PROBLEM REQUIREMENTS »
All lines holding the word "object" are to be copied from the records beneath.

Records from a collection »
Segment Open
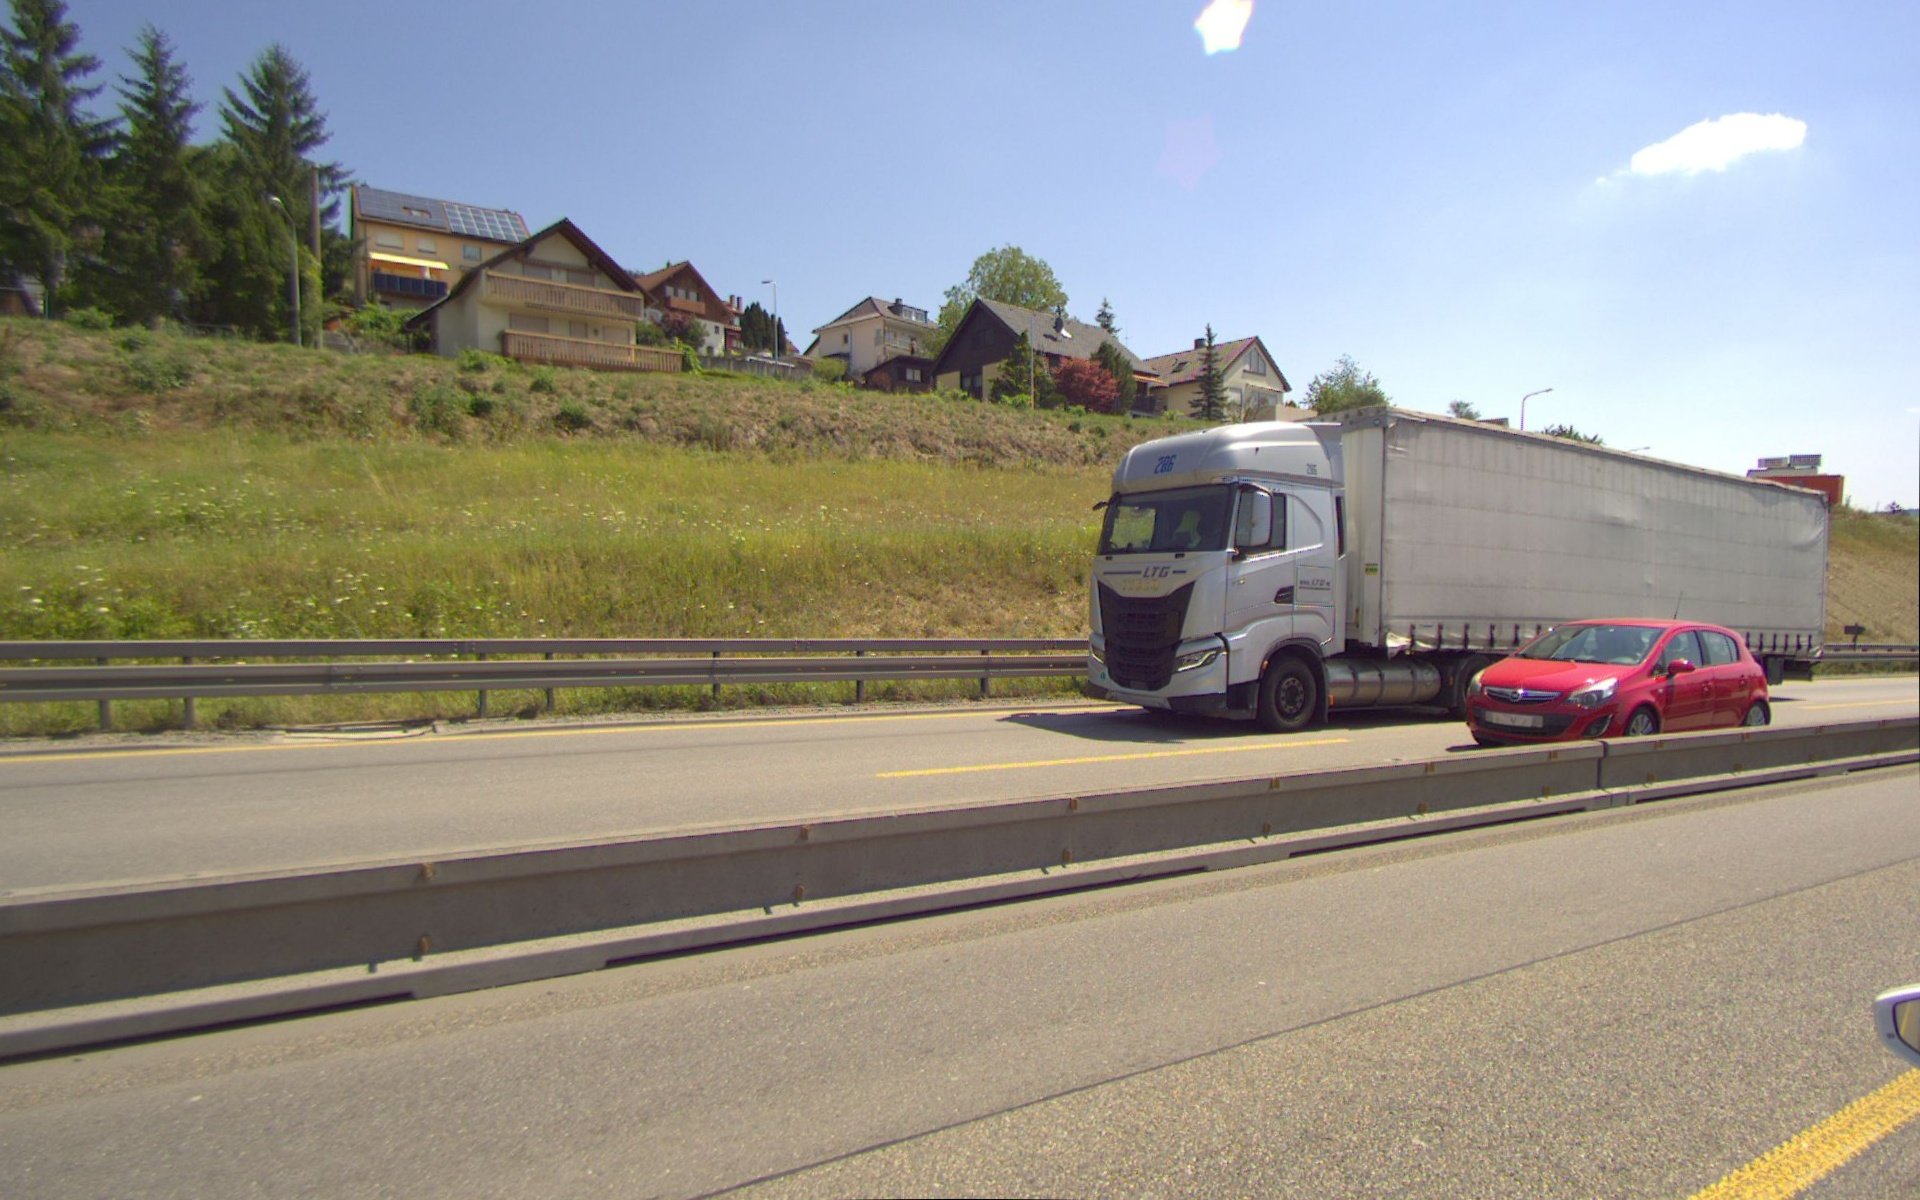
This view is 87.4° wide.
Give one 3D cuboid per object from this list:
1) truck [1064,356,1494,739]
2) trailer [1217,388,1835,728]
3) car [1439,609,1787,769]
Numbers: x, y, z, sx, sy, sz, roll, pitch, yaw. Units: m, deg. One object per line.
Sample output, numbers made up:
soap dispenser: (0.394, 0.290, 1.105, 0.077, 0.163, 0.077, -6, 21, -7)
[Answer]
Segment Closed
RESULT OF THE EXERCISE »
Give one 3D cuboid per object from this list:
Numbers: x, y, z, sx, sy, sz, roll, pitch, yaw. Units: m, deg. One object per line.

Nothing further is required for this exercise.